We’re here! We did it! We’re finally at the end of The Longest Year: Part Two! Congratulations, friends. We’re marching into 2022, vaxxed and maybe even boosted! Here’s hoping that The Longest Year is not actually a trilogy! I don’t think I can stand another winter in Canada. I will simply freeze into a permanent block of ice that even the most powerful summer sun will be unable to melt. 

What better way to end a year full of madness than with a book titled Lunacy? Especially when that book is penned by Brain favourite Ishitsuyo Natsuko. You may remember her from a certain publishing project I did with the Beguiling. From the moment I first spotted her debut work Majutsushi A, I was smitten.

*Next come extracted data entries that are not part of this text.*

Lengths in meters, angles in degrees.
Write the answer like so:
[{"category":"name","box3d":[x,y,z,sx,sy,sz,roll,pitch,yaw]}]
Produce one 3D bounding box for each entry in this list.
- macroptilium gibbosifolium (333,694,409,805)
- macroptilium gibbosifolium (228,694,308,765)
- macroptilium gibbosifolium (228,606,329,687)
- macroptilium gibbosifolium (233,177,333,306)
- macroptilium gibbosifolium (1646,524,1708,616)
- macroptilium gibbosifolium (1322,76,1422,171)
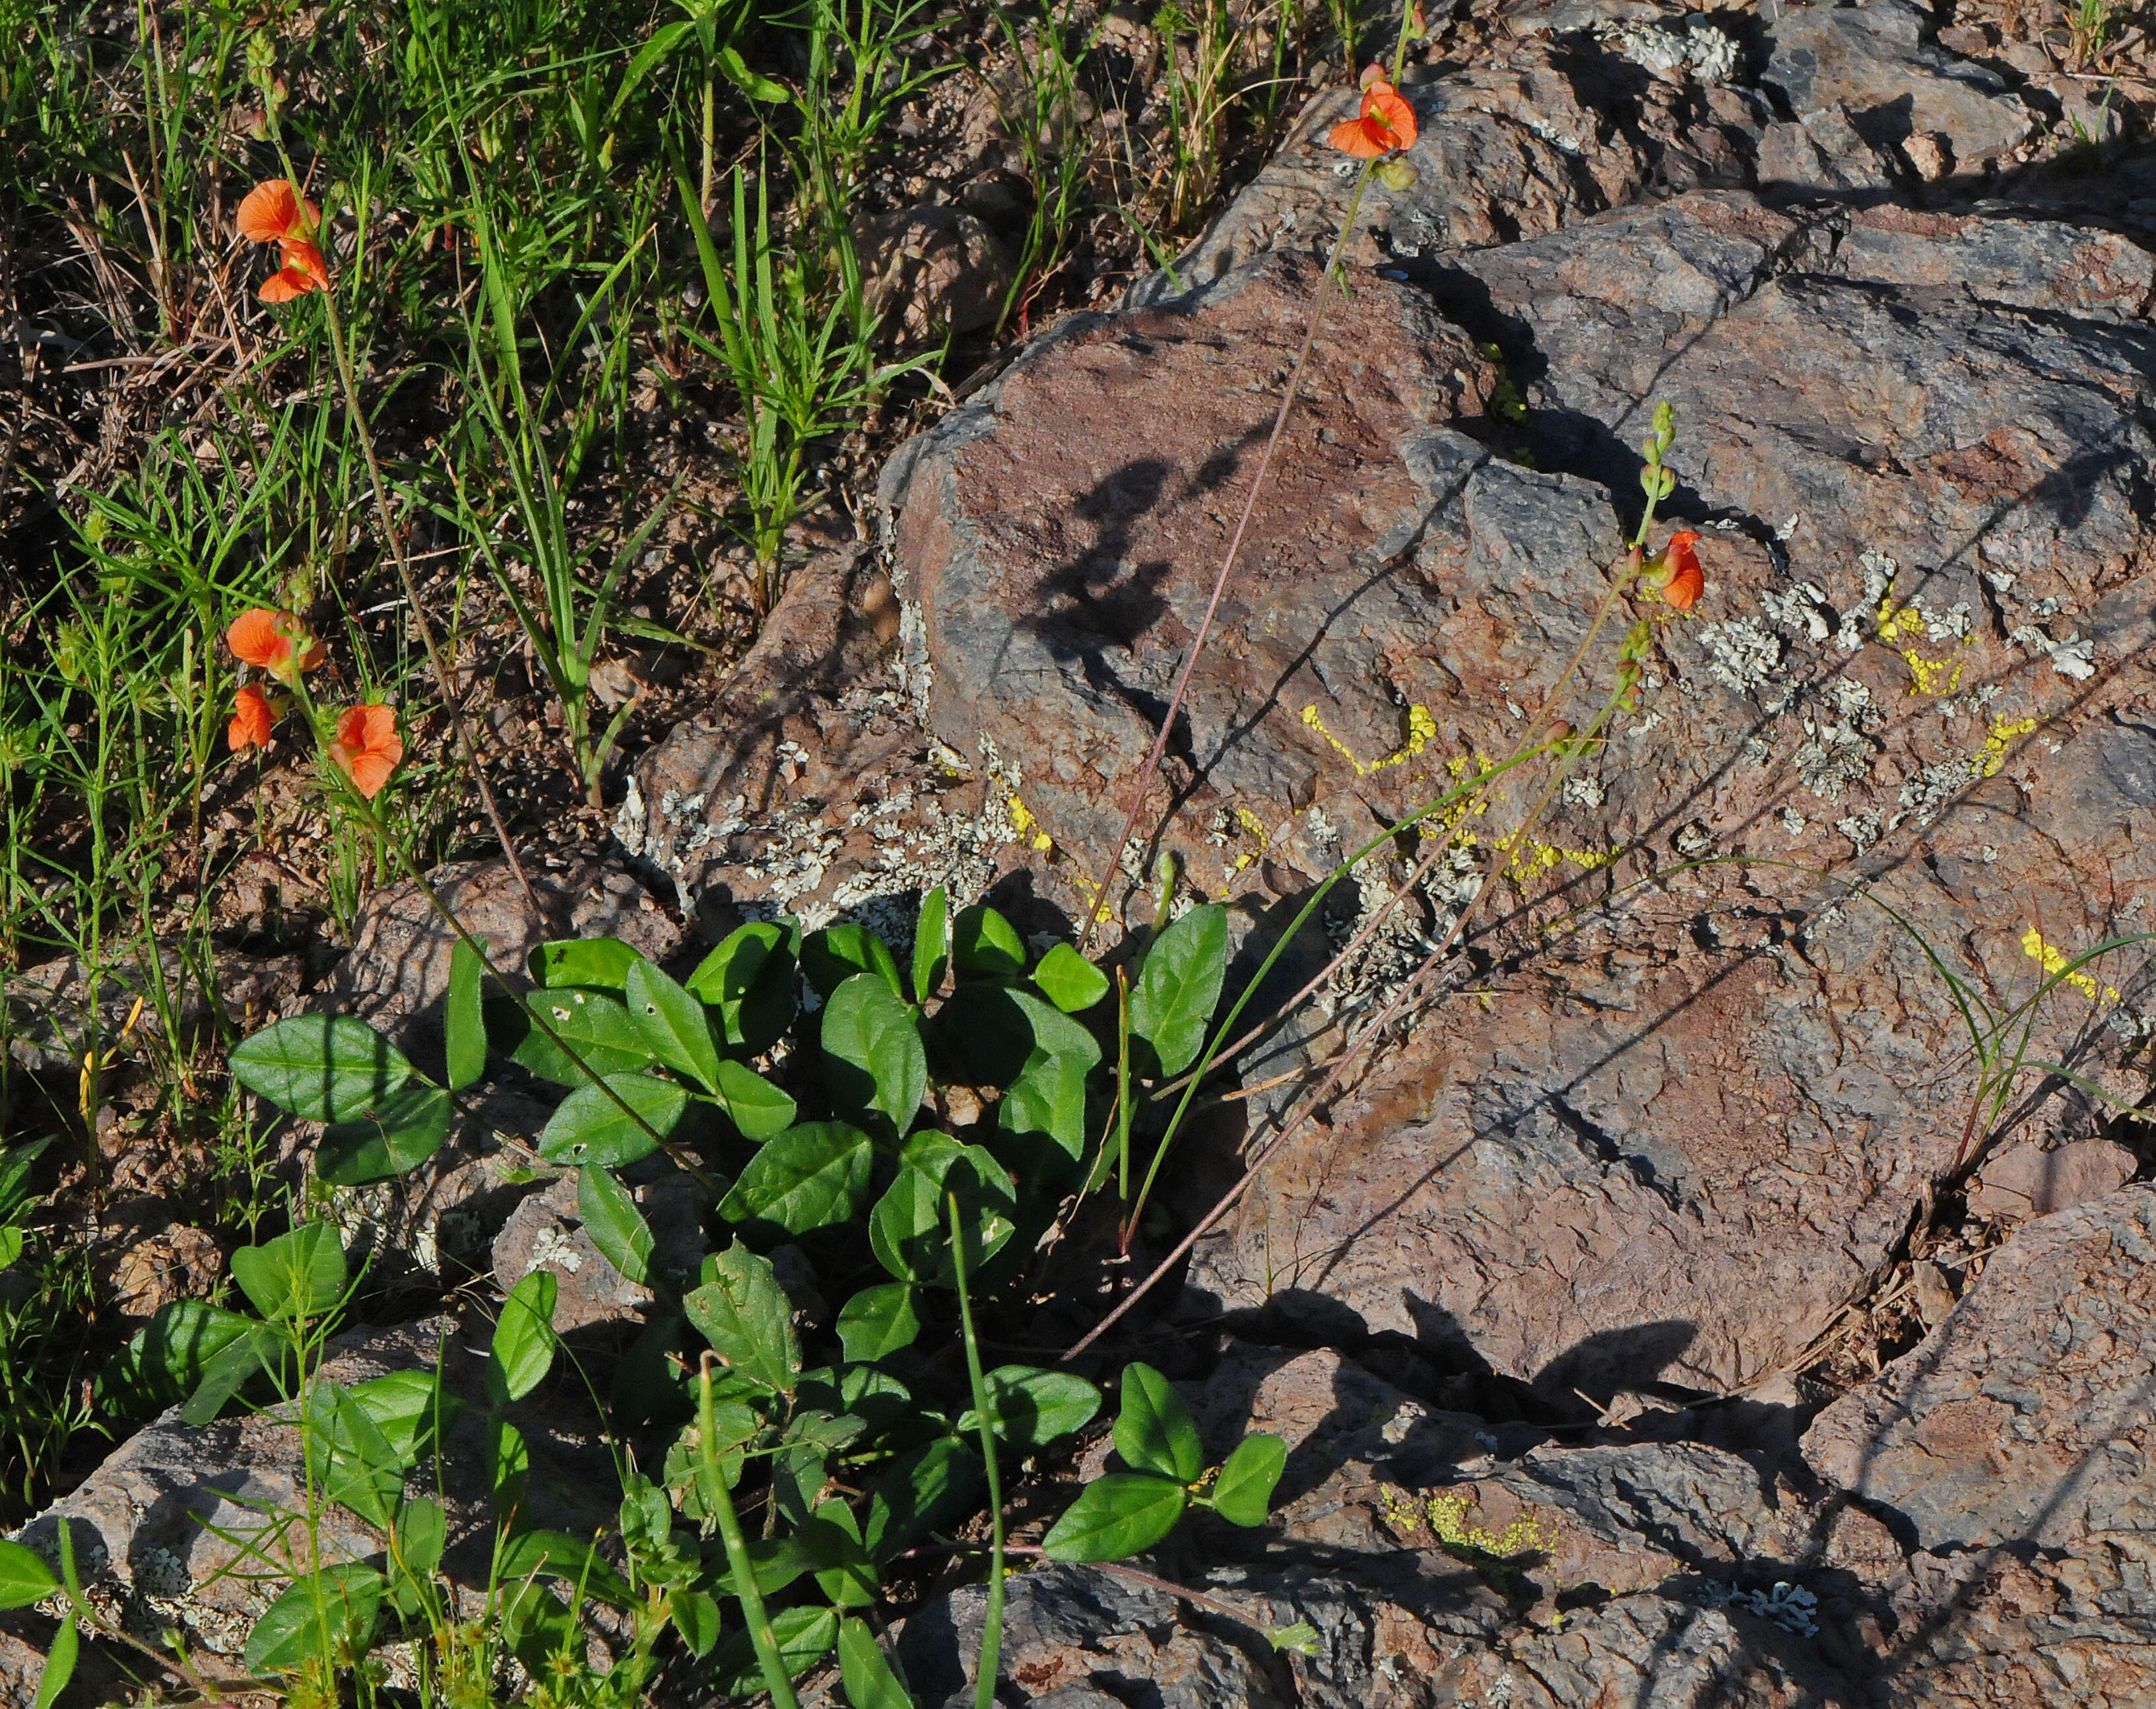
[{"category":"macroptilium gibbosifolium","box3d":[-1.107,-0.164,3.654,0.109,0.148,0.065,2,-2,-11]},{"category":"macroptilium gibbosifolium","box3d":[-1.446,-0.219,4.167,0.099,0.127,0.053,21,9,26]},{"category":"macroptilium gibbosifolium","box3d":[-1.239,-0.326,3.611,0.131,0.127,0.037,22,3,10]},{"category":"macroptilium gibbosifolium","box3d":[-1.241,-0.959,3.668,0.154,0.199,0.070,-7,51,-44]},{"category":"macroptilium gibbosifolium","box3d":[0.962,-0.463,3.752,0.080,0.139,0.320,23,6,11]},{"category":"macroptilium gibbosifolium","box3d":[0.496,-1.223,3.917,0.120,0.150,0.319,23,6,1]}]

Ishitsuyo mixes magic and sexuality and commerce in some really fascinating ways in that book, and then doubled down on all of that in her first long-form work Amazoness Kiss. Which was a wild ride that included a sex club mini-golf showdown. Naturally, I eagerly awaited her next book. 

And then I found out that next book was not being serialized with Torch, as her work thus far had been, but in the Kodansha literary magazine Shosetsu Gendai. This actually makes a lot of sense to me since Ishitsuyo’s work is more on the literary side of the manga spectrum, but I can’t imagine what faithful Shosetsu readers thought when they happened upon this particular blend of capitalism and spirituality. I wondered, though, if being published by one of the big publishers would dilute Ishitsuyo’s essential weirdness. And indeed, it starts off like any number of mainstream manga: in high school, with someone being bullied. But the woman who brought us Women’s Masturbation Monthly would never deliver something so mundane as a mere tale of school bullies. 

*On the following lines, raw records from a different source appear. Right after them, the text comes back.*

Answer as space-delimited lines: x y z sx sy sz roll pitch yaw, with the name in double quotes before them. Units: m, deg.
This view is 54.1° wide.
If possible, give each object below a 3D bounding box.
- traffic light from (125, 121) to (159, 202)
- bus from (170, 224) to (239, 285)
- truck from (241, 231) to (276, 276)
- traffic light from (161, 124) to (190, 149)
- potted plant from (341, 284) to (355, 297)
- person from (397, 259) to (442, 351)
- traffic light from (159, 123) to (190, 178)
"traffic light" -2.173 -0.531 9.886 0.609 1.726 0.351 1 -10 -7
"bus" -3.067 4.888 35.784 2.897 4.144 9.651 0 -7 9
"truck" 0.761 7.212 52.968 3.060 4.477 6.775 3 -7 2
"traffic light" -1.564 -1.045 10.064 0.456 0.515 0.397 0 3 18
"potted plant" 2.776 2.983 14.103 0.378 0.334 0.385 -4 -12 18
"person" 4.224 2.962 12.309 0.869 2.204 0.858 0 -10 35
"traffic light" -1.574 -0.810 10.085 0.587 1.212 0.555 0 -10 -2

Luna walks into her classroom after gym class to find her underpants hanging from the blackboard, like always. She yanks them down and pulls them on right then and there, in the front of the classroom, which both her classmate/neighbour/aspiring novelist Subaru and I gaped at. Just this one act tells us so much about the kind of character Luna is. Imagine being so unconcerned about the fact that your classmates keep stealing your underpants and displaying them for all to see that you would simply pull them down and put them on in full view of all those classmates. We soon learn that this weird confidence and the reason she gets bullied are one and the same: Luna is a child of god.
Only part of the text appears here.